Van Eenennaam challenged those who advocate antibiotic-free animal production. “I wonder what would be their strategy to combat animal disease. Are we able to access that technology?” she asked. “We need to deal with pests. What’s the best way to deal with pests? What are the tradeoffs?”

Scientific issues are some of the most polarizing in American politics today, she said. “Climate change and evolution are widely accepted in the scientific community but questioned by significant portions of the American public.” Describing the dilemma, she quoted science writer Ben Goldacre: “You can't reason people out of positions they didn't reason themselves into.”

Van Eenennaam compared the “parallel science” advocated by contemporary opponents of accepted scientific consensus to the “peasant science” movement in the former Soviet Union led by Tromfin Lysenko, who “banished Mendel and Darwin as not in line with socialist thinking.” The failure of wheat production in the Soviet Union in the early 1970s has been blamed in part on Lysenko’s “pseudo genetics,” she said.

Today’s “parallel science is Lysenkoism around topics related to GMOs,” she added. “The conclusions of parallel science are invariably predictable. It does absolutely nothing to change their conclusion, contrary to scientific method, where the data leads to conclusion.”

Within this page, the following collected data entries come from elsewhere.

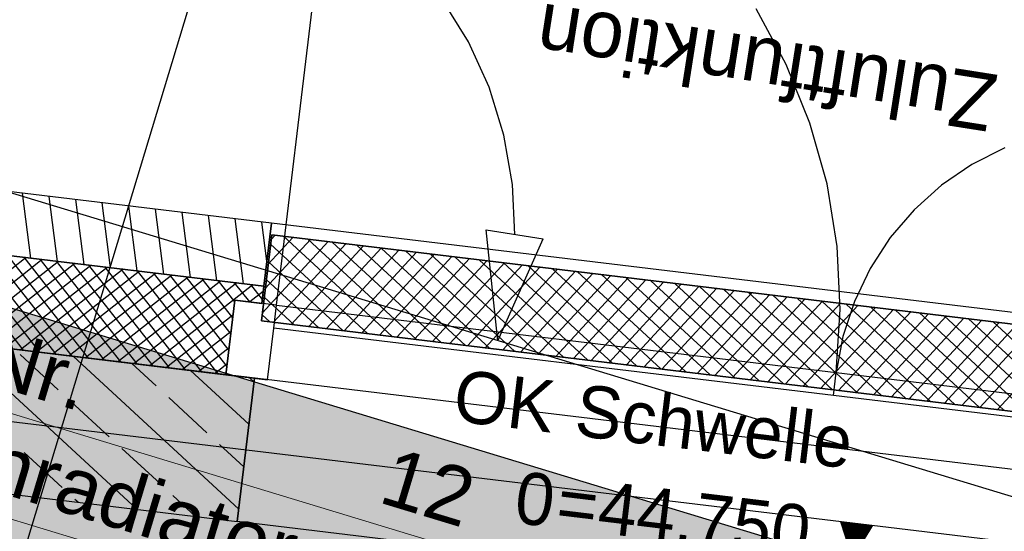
# Model space of a CAD drawing. Extents: x 199 to 1388, y 138 to 979.
# Tile 115 of 155: x 701 to 735, y 770 to 788. Entities that reach past the tile are written whole.
import ezdxf
from ezdxf.lldxf.tags import DXFTag

# ---------------------------------------------------------------- set-up
doc = ezdxf.new("R2010")
doc.units = 0
for name, color, linetype, lineweight, true_color in [('02 Raster Bemaßung-A07ET47FDI', 7, 'Continuous', 25, 0x848484), ('20 Außenwände-A07ET47EDI', 7, 'Continuous', 25, 0x848484), ('20 Dach Stb-Decke-A07ET47IDI', 7, 'Continuous', 25, 0x848484), ('20 Höhen Schwellen', 7, 'Continuous', 25, 0x848484), ('70 Bodenabläufe+Rinnen', 7, 'Continuous', 25, 0x848484), ('A-0', 7, 'Continuous', 25, 0x848484), ('H_Heizkoerperbeschriftung', 9, 'Continuous', 25, 0x808080), ('UPO_Loop2', 140, 'Continuous', 30, 0x00bfff)]:
    doc.layers.add(name, color=color, linetype=linetype, lineweight=lineweight, true_color=true_color)
doc.layers.add('02 Raster Gebäude-A07ET47NDI', color=7, linetype='Continuous', lineweight=25)
doc.styles.get("Standard").update_dxf_attribs({"font": 'arial.ttf'})
tags = doc.linetypes.add('Raster-A07ET47ODI', pattern=[0.2, 0.1, -0.05, 0, -0.05]).pattern_tags.tags
tags[10:11] = [DXFTag(74, 4), DXFTag(75, 0), DXFTag(340, '0'), DXFTag(46, 1.0), DXFTag(50, 0.0), DXFTag(44, 0.0), DXFTag(45, 0.0)]
tags[8:9] = [DXFTag(74, 4), DXFTag(75, 0), DXFTag(340, '0'), DXFTag(46, 1.0), DXFTag(50, 0.0), DXFTag(44, 0.0), DXFTag(45, 0.0)]
tags[6:7] = [DXFTag(74, 4), DXFTag(75, 0), DXFTag(340, '0'), DXFTag(46, 1.0), DXFTag(50, 0.0), DXFTag(44, 0.0), DXFTag(45, 0.0)]
tags[4:5] = [DXFTag(74, 4), DXFTag(75, 0), DXFTag(340, '0'), DXFTag(46, 1.0), DXFTag(50, 0.0), DXFTag(44, 0.0), DXFTag(45, 0.0)]
tags = doc.linetypes.add('Strichlinie eng-A07ET47GDI', pattern=[0.115, 0.075, -0.04]).pattern_tags.tags
tags[6:7] = [DXFTag(74, 4), DXFTag(75, 0), DXFTag(340, '0'), DXFTag(46, 1.0), DXFTag(50, 0.0), DXFTag(44, 0.0), DXFTag(45, 0.0)]
tags[4:5] = [DXFTag(74, 4), DXFTag(75, 0), DXFTag(340, '0'), DXFTag(46, 1.0), DXFTag(50, 0.0), DXFTag(44, 0.0), DXFTag(45, 0.0)]
tags = doc.linetypes.add('Öffnungslinie Tür Fenster-A07ET47JDI', pattern=[0.115, 0.075, -0.04]).pattern_tags.tags
tags[6:7] = [DXFTag(74, 4), DXFTag(75, 0), DXFTag(340, '0'), DXFTag(46, 1.0), DXFTag(50, 0.0), DXFTag(44, 0.0), DXFTag(45, 0.0)]
tags[4:5] = [DXFTag(74, 4), DXFTag(75, 0), DXFTag(340, '0'), DXFTag(46, 1.0), DXFTag(50, 0.0), DXFTag(44, 0.0), DXFTag(45, 0.0)]

# ---------------------------------------------------------------- blocks, each defined once
blk = doc.blocks.new('Referenz-A07ET47ZDI', base_point=(226.995, 158.1))
at = {"layer": '02 Raster Bemaßung-A07ET47FDI'}
for p, q in [((716.261, 787.275), (715.348, 788.749)), ((716.98, 785.697), (716.261, 787.275)), ((717.492, 784.04), (716.98, 785.697)), ((717.789, 782.332), (717.492, 784.04)), ((717.866, 780.599), (717.789, 782.332)), ((716.878, 780.756), (718.854, 780.443)), ((717.283, 776.913), (716.878, 780.756)), ((717.283, 776.913), (718.854, 780.443))]:
    blk.add_line(p, q, dxfattribs=at)
at = {"layer": '02 Raster Gebäude-A07ET47NDI', "linetype": 'Raster-A07ET47ODI', "ltscale": 56.250004}
for p, q in [((1031.875, 681.538), (302.062, 902.797)), ((308.106, 821.362), (822.292, 759.439)), ((549.598, 270.755), (710.068, 800))]:
    blk.add_line(p, q, dxfattribs=at)
at = {"layer": '20 Außenwände-A07ET47EDI'}
for p, q in [((709.611, 778.146), (711.947, 797.546)), ((727.28, 786.489), (726.235, 788.415)), ((728.103, 784.458), (727.28, 786.489)), ((728.693, 782.348), (728.103, 784.458)), ((709.429, 780.988), (683.675, 784.09)), ((729.044, 780.185), (728.693, 782.348)), ((709.166, 778.804), (683.412, 781.905)), ((701.092, 779.776), (700.802, 782.027)), ((702.013, 779.665), (701.724, 781.916)), ((702.935, 779.554), (702.646, 781.805)), ((703.856, 779.443), (703.567, 781.694)), ((704.778, 779.332), (704.489, 781.583)), ((705.7, 779.221), (705.411, 781.472)), ((706.621, 779.11), (706.332, 781.361)), ((707.543, 778.999), (707.254, 781.25)), ((708.465, 778.888), (708.176, 781.139)), ((709.271, 779.675), (709.097, 781.028)), ((709.429, 780.988), (709.166, 778.804)), ((739.532, 777.363), (709.429, 780.988)), ((698.035, 780.144), (700.829, 776.585)), ((698.596, 780.077), (701.391, 776.517)), ((699.158, 780.009), (701.953, 776.449)), ((729.15, 777.996), (729.044, 780.185)), ((700.927, 779.796), (697.367, 777.002)), ((701.489, 779.728), (697.929, 776.934)), ((702.05, 779.661), (698.491, 776.866)), ((699.72, 779.941), (702.514, 776.382)), ((700.281, 779.874), (703.076, 776.314)), ((700.843, 779.806), (703.637, 776.247)), ((701.405, 779.739), (704.199, 776.179)), ((701.966, 779.671), (704.761, 776.111)), ((702.612, 779.593), (699.052, 776.799)), ((703.173, 779.526), (699.614, 776.731)), ((703.735, 779.458), (700.175, 776.663)), ((704.297, 779.39), (700.737, 776.596)), ((704.858, 779.323), (701.299, 776.528)), ((702.528, 779.603), (705.322, 776.044)), ((703.089, 779.536), (705.884, 775.976)), ((703.651, 779.468), (706.446, 775.908)), ((704.213, 779.4), (707.007, 775.841)), ((704.774, 779.333), (707.569, 775.773)), ((705.42, 779.255), (701.86, 776.461)), ((705.982, 779.187), (702.422, 776.393)), ((706.543, 779.12), (702.984, 776.325)), ((707.105, 779.052), (703.545, 776.258)), ((707.666, 778.984), (704.107, 776.19)), ((705.336, 779.265), (707.884, 776.019)), ((705.898, 779.197), (707.952, 776.581)), ((706.459, 779.13), (708.019, 777.143)), ((707.021, 779.062), (708.087, 777.704)), ((707.582, 778.995), (708.155, 778.266)), ((707.85, 775.739), (683.03, 778.728)), ((708.228, 778.917), (704.668, 776.122)), ((708.79, 778.849), (705.23, 776.055)), ((708.144, 778.927), (708.668, 778.26)), ((708.706, 778.859), (709.111, 778.343)), ((709.166, 778.804), (709.094, 778.208)), ((708.161, 778.321), (707.85, 775.739)), ((709.611, 778.146), (708.161, 778.321)), ((709.094, 778.208), (708.161, 778.321)), ((709.144, 778.619), (708.684, 778.258)), ((709.515, 777.352), (709.611, 778.146)), ((709.611, 778.146), (729.01, 775.81)), ((729.01, 775.81), (729.15, 777.996)), ((708.098, 777.798), (705.792, 775.987)), ((709.3, 775.565), (709.515, 777.352)), ((728.915, 775.015), (709.515, 777.352)), ((708.031, 777.236), (706.353, 775.919)), ((704.764, 771.075), (698.482, 776.867)), ((707.963, 776.675), (706.915, 775.852)), ((702.041, 775.218), (700.717, 776.438)), ((708.297, 771.082), (702.554, 776.377)), ((705.432, 775.356), (704.59, 776.132)), ((707.895, 776.113), (707.477, 775.784)), ((708.65, 774.02), (706.626, 775.887)), ((707.85, 775.739), (708.843, 775.62)), ((707.85, 775.739), (709.3, 775.565)), ((708.843, 775.62), (708.245, 770.656)), ((708.823, 775.493), (708.662, 775.641)), ((728.915, 775.015), (729.01, 775.81)), ((729.01, 775.81), (738.681, 774.645)), ((707.196, 773.729), (705.873, 774.949)), ((738.585, 773.851), (728.915, 775.015)), ((703.805, 773.591), (702.482, 774.811)), ((682.432, 773.764), (708.245, 770.656)), ((705.569, 771.964), (704.246, 773.184)), ((708.474, 772.551), (707.637, 773.322)), ((702.178, 771.827), (700.855, 773.047)), ((706.8, 770.83), (706.01, 771.557)), ((702.728, 771.32), (702.619, 771.42)), ((738.229, 767.045), (708.245, 770.656))]:
    blk.add_line(p, q, dxfattribs=at)
at = {"layer": '20 Außenwände-A07ET47EDI', "linetype": 'Strichlinie eng-A07ET47GDI', "ltscale": 40.625}
for p, q in [((734.854, 783.602), (733.718, 783.026)), ((733.718, 783.026), (732.666, 782.306)), ((732.666, 782.306), (731.718, 781.456)), ((731.718, 781.456), (730.888, 780.489)), ((730.888, 780.489), (730.192, 779.422)), ((730.192, 779.422), (729.641, 778.273)), ((729.641, 778.273), (729.245, 777.062)), ((729.245, 777.062), (729.01, 775.81))]:
    blk.add_line(p, q, dxfattribs=at)
at = {"layer": '20 Dach Stb-Decke-A07ET47IDI', "linetype": 'Öffnungslinie Tür Fenster-A07ET47JDI', "ltscale": 56.250004}
blk.add_line((744.219, 771.359), (464.414, 805.056), dxfattribs=at)
at = {"layer": '70 Bodenabläufe+Rinnen'}
for p, q in [((709.082, 777.605), (709.441, 780.584)), ((711.396, 780.348), (709.115, 777.874)), ((710.784, 780.422), (709.217, 778.723)), ((710.172, 780.496), (709.319, 779.571)), ((709.56, 780.569), (709.421, 780.419)), ((709.441, 780.584), (739.424, 776.973)), ((713.615, 777.059), (709.846, 780.535)), ((714.464, 776.957), (710.694, 780.433)), ((715.312, 776.855), (711.543, 780.331)), ((712.767, 777.162), (709.402, 780.264)), ((712.008, 780.275), (709.5, 777.555)), ((712.62, 780.201), (710.112, 777.481)), ((713.232, 780.127), (710.725, 777.408)), ((713.845, 780.053), (711.337, 777.334)), ((716.16, 776.753), (712.391, 780.228)), ((717.009, 776.651), (713.239, 780.126)), ((717.857, 776.549), (714.088, 780.024)), ((711.918, 777.264), (709.329, 779.652)), ((714.457, 779.98), (711.949, 777.26)), ((715.069, 779.906), (712.561, 777.186)), ((715.681, 779.832), (713.173, 777.113)), ((716.293, 779.759), (713.785, 777.039)), ((716.905, 779.685), (714.397, 776.965)), ((718.706, 776.446), (714.936, 779.922)), ((719.554, 776.344), (715.785, 779.82)), ((720.402, 776.242), (716.633, 779.718)), ((717.517, 779.611), (715.01, 776.891)), ((718.13, 779.537), (715.622, 776.818)), ((718.742, 779.464), (716.234, 776.744)), ((719.354, 779.39), (716.846, 776.67)), ((719.966, 779.316), (717.458, 776.597)), ((721.251, 776.14), (717.481, 779.615)), ((722.099, 776.038), (718.33, 779.513)), ((722.947, 775.936), (719.178, 779.411)), ((723.796, 775.833), (720.027, 779.309)), ((711.07, 777.366), (709.255, 779.04)), ((720.578, 779.243), (718.07, 776.523)), ((721.19, 779.169), (718.682, 776.449)), ((721.802, 779.095), (719.295, 776.375)), ((722.415, 779.021), (719.907, 776.302)), ((724.644, 775.731), (720.875, 779.207)), ((725.493, 775.629), (721.723, 779.105)), ((726.341, 775.527), (722.572, 779.002)), ((723.027, 778.948), (720.519, 776.228)), ((723.639, 778.874), (721.131, 776.154)), ((724.251, 778.8), (721.743, 776.081)), ((724.863, 778.727), (722.355, 776.007)), ((725.475, 778.653), (722.967, 775.933)), ((727.189, 775.425), (723.42, 778.9)), ((728.038, 775.323), (724.269, 778.798)), ((728.886, 775.22), (725.117, 778.696)), ((710.222, 777.468), (709.181, 778.427)), ((726.087, 778.579), (723.58, 775.859)), ((726.7, 778.505), (724.192, 775.786)), ((727.312, 778.432), (724.804, 775.712)), ((727.924, 778.358), (725.416, 775.638)), ((729.735, 775.118), (725.965, 778.594)), ((728.536, 778.284), (726.028, 775.565)), ((730.583, 775.016), (726.814, 778.492)), ((731.431, 774.914), (727.662, 778.389)), ((732.28, 774.812), (728.51, 778.287)), ((729.148, 778.21), (726.64, 775.491)), ((729.76, 778.137), (727.252, 775.417)), ((730.372, 778.063), (727.865, 775.343)), ((730.985, 777.989), (728.477, 775.27)), ((733.128, 774.709), (729.359, 778.185)), ((733.977, 774.607), (730.207, 778.083)), ((734.825, 774.505), (731.056, 777.981)), ((739.066, 773.994), (709.082, 777.605)), ((709.373, 777.57), (709.108, 777.815)), ((731.597, 777.916), (729.089, 775.196)), ((732.209, 777.842), (729.701, 775.122)), ((732.821, 777.768), (730.313, 775.048)), ((733.433, 777.694), (730.925, 774.975)), ((734.045, 777.621), (731.537, 774.901)), ((735.673, 774.403), (731.904, 777.879)), ((736.522, 774.301), (732.752, 777.776)), ((737.37, 774.199), (733.601, 777.674)), ((734.657, 777.547), (732.15, 774.827)), ((735.27, 777.473), (732.762, 774.754)), ((735.882, 777.4), (733.374, 774.68)), ((736.494, 777.326), (733.986, 774.606)), ((738.218, 774.096), (734.449, 777.572)), ((737.106, 777.252), (734.598, 774.532))]:
    blk.add_line(p, q, dxfattribs=at)
at = {"layer": 'A-0', "linetype": 'Continuous', "ltscale": 312.5}
for p, q in [((709.429, 780.988), (683.675, 784.09)), ((683.412, 781.905), (709.166, 778.804)), ((709.166, 778.804), (683.412, 781.905)), ((709.166, 778.804), (709.429, 780.988)), ((709.441, 780.584), (709.082, 777.605)), ((739.424, 776.973), (709.441, 780.584)), ((707.85, 775.739), (683.03, 778.728)), ((683.03, 778.728), (707.85, 775.739)), ((709.094, 778.208), (709.166, 778.804)), ((707.85, 775.739), (708.161, 778.321)), ((708.161, 778.321), (709.094, 778.208)), ((709.082, 777.605), (739.066, 773.994)), ((708.843, 775.62), (707.85, 775.739)), ((708.245, 770.656), (708.843, 775.62)), ((682.432, 773.764), (708.245, 770.656))]:
    blk.add_line(p, q, dxfattribs=at)
at = {"layer": '20 Außenwände-A07ET47EDI', "insert": (734.369, 784.139), "char_height": 2, "attachment_point": 1, "rotation": 171.0566}
blk.add_mtext('{\\fCentury Gothic;Zuluftfunktion}', dxfattribs=at)
at = {"layer": '20 Höhen Schwellen', "attachment_point": 1, "rotation": 353.1376}
for s, insert, char_height in [('{\\fCentury Gothic;OK}', (715.893, 775.931), 1.8), ('{\\fCentury Gothic;Schwelle}', (720.106, 775.424), 1.8), ('{\\fCentury Gothic;0}', (718.015, 772.404), 1.8), ('{\\fCentury Gothic;44.750}', (720.898, 772.057), 1.8), ('{\\fCentury Gothic;=}', (719.46, 772.23), 1.8), ('{\\fCentury Gothic;▼}', (728.766, 770.959), 1.5)]:
    blk.add_mtext(s, dxfattribs=dict(at, insert=insert, char_height=char_height))

msp = doc.modelspace()

# ---------------------------------------------------------------- linework, layer by layer
at = {"layer": 'H_Heizkoerperbeschriftung'}
msp.add_line((693.287, 780.214), (733.69, 767.961), dxfattribs=at)
at = {"layer": 'H_Heizkoerperbeschriftung', "lineweight": 18}
for p, q in [((692.271, 776.864), (732.675, 764.612)), ((691.255, 773.515), (731.659, 761.262))]:
    msp.add_line(p, q, dxfattribs=at)
at = {"layer": 'H_Heizkoerperbeschriftung', "color": 7, "true_color": 0xffffff}
msp.add_solid([(733.69, 767.961), (689.571, 767.961), (693.287, 780.214)], dxfattribs=at)

# ---------------------------------------------------------------- block references
at = {"layer": 'UPO_Loop2', "color": 219, "lineweight": 80, "ltscale": 4000.00006, "true_color": 0x642165}
msp.add_blockref('Referenz-A07ET47ZDI', (226.995, 158.1), dxfattribs=at)

# ---------------------------------------------------------------- texts
at = {"layer": 'H_Heizkoerperbeschriftung', "char_height": 2, "attachment_point": 1, "rotation": 343.13}
for s, insert in [('{\\fArial;Pos. Nr.}', (693.707, 779.302)), ('{\\fArial;Röhrenradiator }', (692.691, 775.953)), ('{\\fArial;12}', (713.668, 773.249)), ('{\\fArial;Einstellwert }', (691.676, 772.604))]:
    msp.add_mtext(s, dxfattribs=dict(at, insert=insert))

doc.saveas('drawing.dxf')

“The Internet is very good at distributing parallel science,” she said, citing a Pew Research Center study published in January that found only 37 percent of the public believed GMO-containing foods were safe to eat, although 88 percent of scientists said they were safe.

On the positive side, she said, “The Internet and social media have opened up and can be used to help counteract the spiral of parallel science narratives,” she said. By speaking up for science, Van Eenennaam said, “I feel like I’m playing a constant game of whack-a-mole.” But in the GMO debate, “I feel like the meter is moving in the wrong direction at a rapid pace.”